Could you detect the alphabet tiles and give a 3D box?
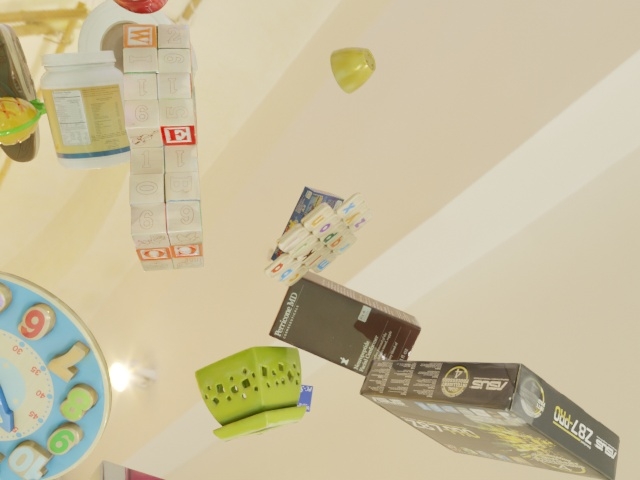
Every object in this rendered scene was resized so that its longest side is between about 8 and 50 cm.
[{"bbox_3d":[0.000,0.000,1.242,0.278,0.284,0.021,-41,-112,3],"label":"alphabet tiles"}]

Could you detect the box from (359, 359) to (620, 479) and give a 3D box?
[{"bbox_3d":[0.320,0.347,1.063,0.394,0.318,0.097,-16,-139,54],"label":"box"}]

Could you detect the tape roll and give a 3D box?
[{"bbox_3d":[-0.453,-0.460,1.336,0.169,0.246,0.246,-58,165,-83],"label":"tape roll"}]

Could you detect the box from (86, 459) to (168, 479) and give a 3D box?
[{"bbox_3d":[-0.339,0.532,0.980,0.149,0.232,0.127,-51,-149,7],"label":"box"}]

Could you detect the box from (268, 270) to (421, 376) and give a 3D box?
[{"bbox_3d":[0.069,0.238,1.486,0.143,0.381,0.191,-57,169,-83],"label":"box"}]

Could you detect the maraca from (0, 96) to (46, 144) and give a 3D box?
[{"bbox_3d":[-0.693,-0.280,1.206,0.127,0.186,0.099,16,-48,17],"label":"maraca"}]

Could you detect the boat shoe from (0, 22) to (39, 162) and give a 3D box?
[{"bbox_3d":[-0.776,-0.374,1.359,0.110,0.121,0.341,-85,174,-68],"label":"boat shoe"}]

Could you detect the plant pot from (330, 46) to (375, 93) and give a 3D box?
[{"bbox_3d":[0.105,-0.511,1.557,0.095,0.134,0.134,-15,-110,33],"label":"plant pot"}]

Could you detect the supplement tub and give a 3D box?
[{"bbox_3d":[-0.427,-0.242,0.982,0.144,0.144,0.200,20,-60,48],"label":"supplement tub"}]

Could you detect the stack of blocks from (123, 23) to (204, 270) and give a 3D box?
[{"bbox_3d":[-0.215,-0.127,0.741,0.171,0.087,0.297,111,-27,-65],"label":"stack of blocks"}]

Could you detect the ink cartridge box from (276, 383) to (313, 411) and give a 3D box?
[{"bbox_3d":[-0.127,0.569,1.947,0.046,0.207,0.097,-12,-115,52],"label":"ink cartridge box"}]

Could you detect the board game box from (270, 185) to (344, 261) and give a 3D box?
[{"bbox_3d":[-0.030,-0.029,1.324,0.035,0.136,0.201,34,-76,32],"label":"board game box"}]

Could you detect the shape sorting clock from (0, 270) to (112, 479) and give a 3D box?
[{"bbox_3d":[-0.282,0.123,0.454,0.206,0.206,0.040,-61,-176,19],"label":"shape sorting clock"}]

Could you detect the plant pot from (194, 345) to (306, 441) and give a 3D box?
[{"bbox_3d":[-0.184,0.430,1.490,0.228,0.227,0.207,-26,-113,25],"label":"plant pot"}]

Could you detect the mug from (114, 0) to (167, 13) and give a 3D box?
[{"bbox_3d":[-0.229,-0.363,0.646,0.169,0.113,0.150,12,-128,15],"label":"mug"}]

━━━━━━━━

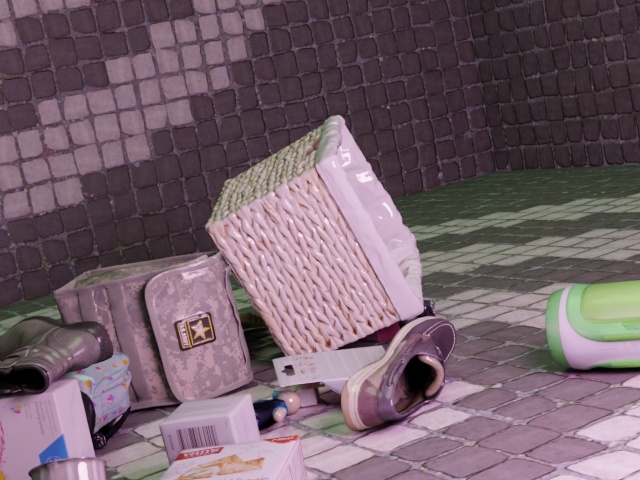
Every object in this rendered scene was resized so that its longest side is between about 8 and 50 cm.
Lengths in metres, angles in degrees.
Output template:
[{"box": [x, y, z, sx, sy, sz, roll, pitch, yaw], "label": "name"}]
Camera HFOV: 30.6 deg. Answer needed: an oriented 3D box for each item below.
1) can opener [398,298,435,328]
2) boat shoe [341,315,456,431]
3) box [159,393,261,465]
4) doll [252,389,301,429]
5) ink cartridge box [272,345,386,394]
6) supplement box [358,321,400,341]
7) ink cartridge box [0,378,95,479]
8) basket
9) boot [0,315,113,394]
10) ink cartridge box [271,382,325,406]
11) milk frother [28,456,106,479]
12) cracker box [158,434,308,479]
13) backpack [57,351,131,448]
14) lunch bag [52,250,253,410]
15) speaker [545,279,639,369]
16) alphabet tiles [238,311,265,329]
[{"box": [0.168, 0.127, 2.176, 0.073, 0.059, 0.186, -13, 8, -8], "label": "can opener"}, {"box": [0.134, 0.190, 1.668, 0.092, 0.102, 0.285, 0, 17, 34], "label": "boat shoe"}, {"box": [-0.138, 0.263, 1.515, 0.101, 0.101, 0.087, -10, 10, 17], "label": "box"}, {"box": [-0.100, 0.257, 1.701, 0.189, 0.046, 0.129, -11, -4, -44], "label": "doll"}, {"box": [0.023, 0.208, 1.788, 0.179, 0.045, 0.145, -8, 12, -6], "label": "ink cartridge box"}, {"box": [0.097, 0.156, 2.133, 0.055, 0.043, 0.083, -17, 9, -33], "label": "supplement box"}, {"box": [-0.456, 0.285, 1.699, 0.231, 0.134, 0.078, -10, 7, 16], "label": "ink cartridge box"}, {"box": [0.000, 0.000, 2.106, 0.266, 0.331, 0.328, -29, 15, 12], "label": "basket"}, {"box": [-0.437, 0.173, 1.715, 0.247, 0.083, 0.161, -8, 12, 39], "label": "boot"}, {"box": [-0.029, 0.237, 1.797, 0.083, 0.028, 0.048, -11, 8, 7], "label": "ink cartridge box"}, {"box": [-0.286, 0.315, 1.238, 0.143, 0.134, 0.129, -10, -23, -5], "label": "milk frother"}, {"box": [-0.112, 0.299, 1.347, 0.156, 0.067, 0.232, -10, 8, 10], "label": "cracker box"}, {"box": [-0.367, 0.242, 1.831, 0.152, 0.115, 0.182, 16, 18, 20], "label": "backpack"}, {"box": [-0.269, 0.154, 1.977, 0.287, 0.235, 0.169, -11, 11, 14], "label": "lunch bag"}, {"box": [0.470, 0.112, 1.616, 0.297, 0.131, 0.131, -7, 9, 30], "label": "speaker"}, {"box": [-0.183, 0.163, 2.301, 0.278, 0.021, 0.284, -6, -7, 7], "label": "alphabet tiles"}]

━━━━━━━━

TASK DETAILS:
From the entries above, return exactly the line containing "Camera HFOV: 30.6", the line containing "15) speaker [545,279,639,369]", and all lines between, and nothing else.

SOLUTION TO THIS PROBLEM:
Camera HFOV: 30.6 deg. Answer needed: an oriented 3D box for each item below.
1) can opener [398,298,435,328]
2) boat shoe [341,315,456,431]
3) box [159,393,261,465]
4) doll [252,389,301,429]
5) ink cartridge box [272,345,386,394]
6) supplement box [358,321,400,341]
7) ink cartridge box [0,378,95,479]
8) basket
9) boot [0,315,113,394]
10) ink cartridge box [271,382,325,406]
11) milk frother [28,456,106,479]
12) cracker box [158,434,308,479]
13) backpack [57,351,131,448]
14) lunch bag [52,250,253,410]
15) speaker [545,279,639,369]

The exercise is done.